● Your task:
Where an image appears in the data, omit it and reproduce the rest exactly.

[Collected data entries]
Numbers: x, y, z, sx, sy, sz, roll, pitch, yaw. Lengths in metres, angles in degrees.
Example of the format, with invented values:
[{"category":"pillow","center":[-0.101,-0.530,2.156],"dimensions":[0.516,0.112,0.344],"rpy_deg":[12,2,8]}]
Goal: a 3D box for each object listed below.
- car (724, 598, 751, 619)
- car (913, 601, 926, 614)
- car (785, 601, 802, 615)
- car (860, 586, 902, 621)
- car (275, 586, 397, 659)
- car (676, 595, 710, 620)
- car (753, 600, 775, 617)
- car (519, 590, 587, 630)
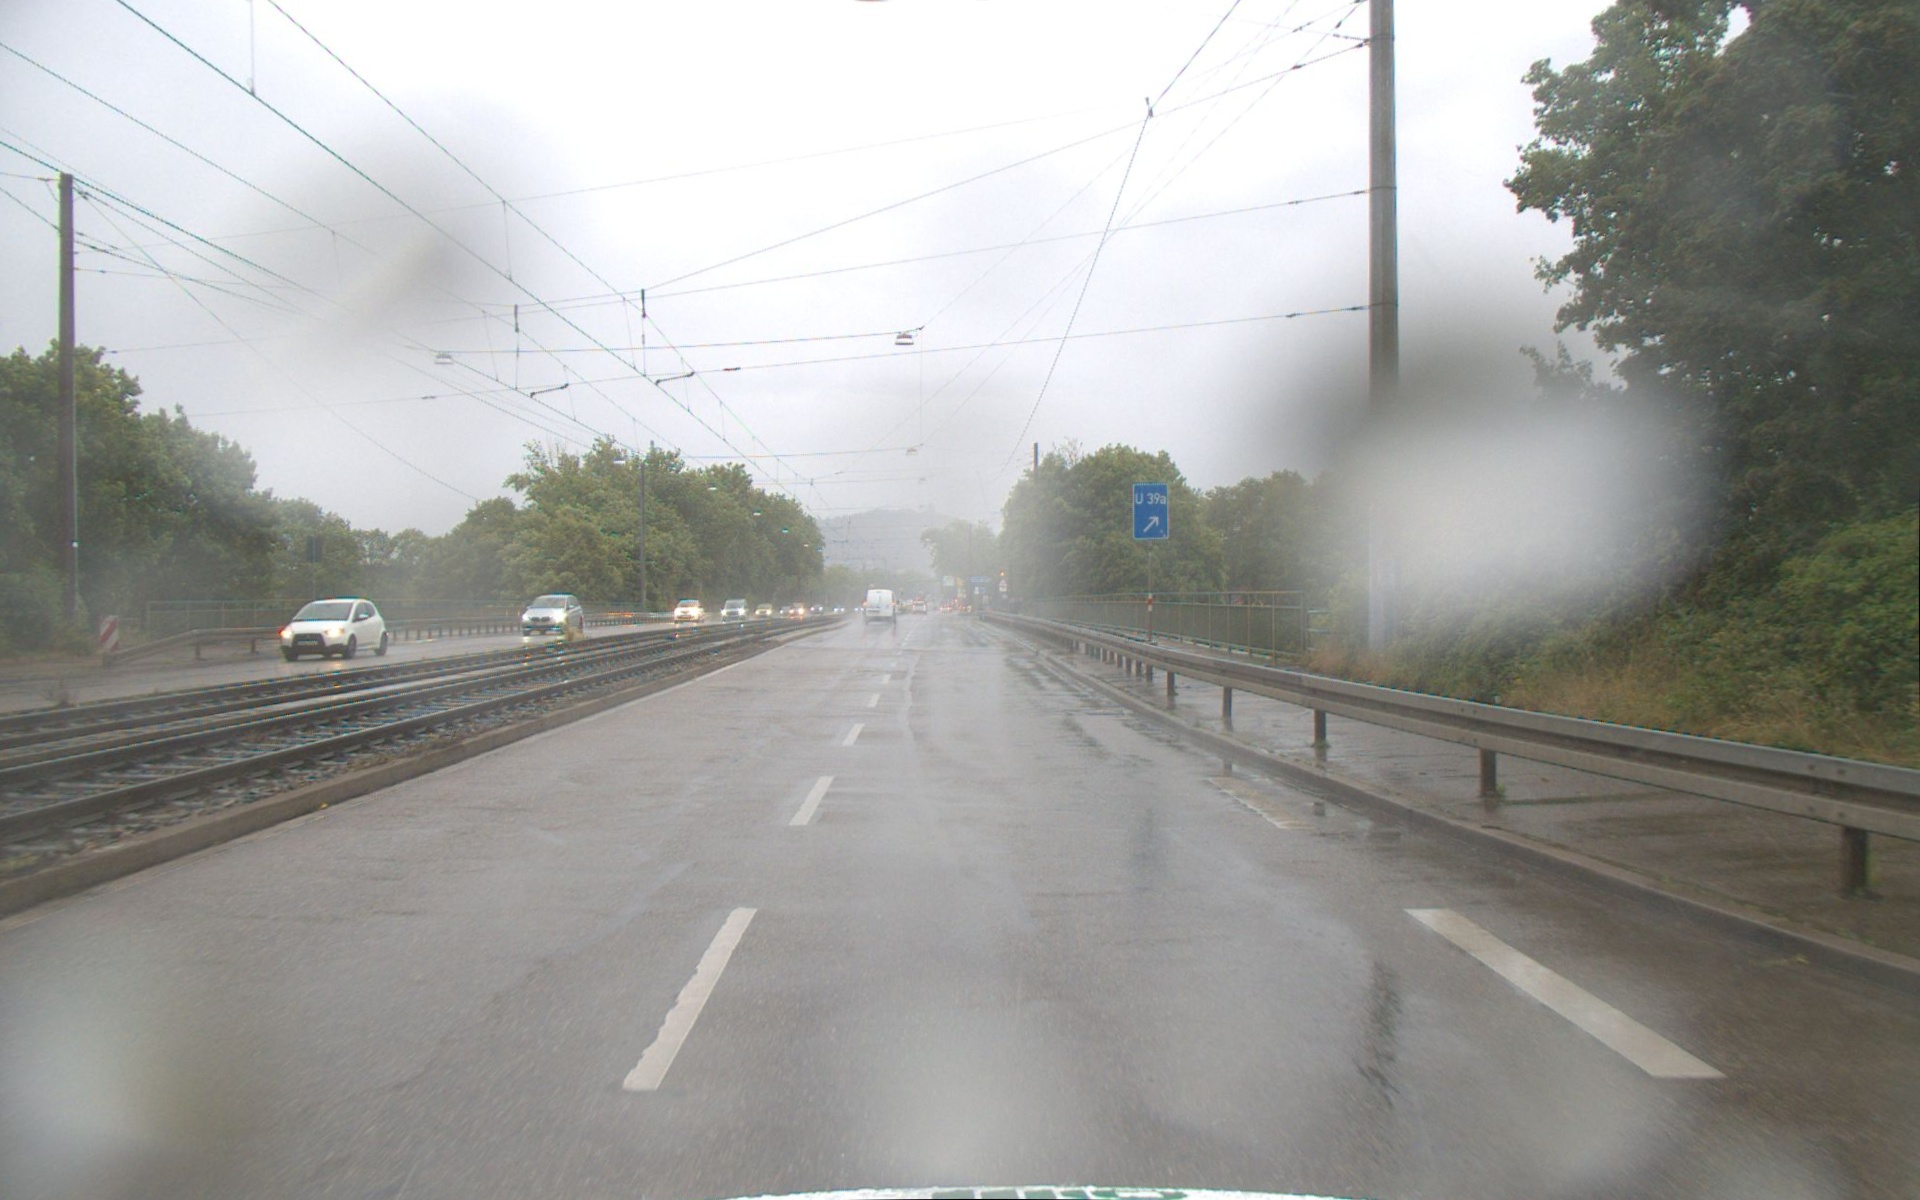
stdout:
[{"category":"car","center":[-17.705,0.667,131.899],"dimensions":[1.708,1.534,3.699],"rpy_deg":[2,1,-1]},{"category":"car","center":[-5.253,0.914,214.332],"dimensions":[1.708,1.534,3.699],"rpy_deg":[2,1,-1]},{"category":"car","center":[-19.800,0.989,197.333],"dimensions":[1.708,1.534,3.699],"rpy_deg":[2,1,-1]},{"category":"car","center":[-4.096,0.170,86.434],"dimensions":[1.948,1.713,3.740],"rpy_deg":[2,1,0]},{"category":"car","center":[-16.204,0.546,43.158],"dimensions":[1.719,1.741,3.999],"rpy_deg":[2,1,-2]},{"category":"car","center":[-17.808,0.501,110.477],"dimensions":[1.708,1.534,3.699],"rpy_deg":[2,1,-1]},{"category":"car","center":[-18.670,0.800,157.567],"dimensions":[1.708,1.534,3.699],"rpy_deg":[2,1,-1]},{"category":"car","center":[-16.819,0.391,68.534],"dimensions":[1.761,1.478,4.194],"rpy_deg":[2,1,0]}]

● Task solution:
Numbers: x, y, z, sx, sy, sz, roll, pitch, yaw. Lengths in metres, angles in degrees.
Example of the format, with invented values:
[{"category":"pillow","center":[-0.101,-0.530,2.156],"dimensions":[0.516,0.112,0.344],"rpy_deg":[12,2,8]}]
Goal: a 3D box for each object listed below.
- car (724, 598, 751, 619)
- car (913, 601, 926, 614)
- car (785, 601, 802, 615)
- car (860, 586, 902, 621)
- car (275, 586, 397, 659)
- car (676, 595, 710, 620)
- car (753, 600, 775, 617)
- car (519, 590, 587, 630)
stdout:
[{"category":"car","center":[-17.705,0.667,131.899],"dimensions":[1.708,1.534,3.699],"rpy_deg":[2,1,-1]},{"category":"car","center":[-5.253,0.914,214.332],"dimensions":[1.708,1.534,3.699],"rpy_deg":[2,1,-1]},{"category":"car","center":[-19.800,0.989,197.333],"dimensions":[1.708,1.534,3.699],"rpy_deg":[2,1,-1]},{"category":"car","center":[-4.096,0.170,86.434],"dimensions":[1.948,1.713,3.740],"rpy_deg":[2,1,0]},{"category":"car","center":[-16.204,0.546,43.158],"dimensions":[1.719,1.741,3.999],"rpy_deg":[2,1,-2]},{"category":"car","center":[-17.808,0.501,110.477],"dimensions":[1.708,1.534,3.699],"rpy_deg":[2,1,-1]},{"category":"car","center":[-18.670,0.800,157.567],"dimensions":[1.708,1.534,3.699],"rpy_deg":[2,1,-1]},{"category":"car","center":[-16.819,0.391,68.534],"dimensions":[1.761,1.478,4.194],"rpy_deg":[2,1,0]}]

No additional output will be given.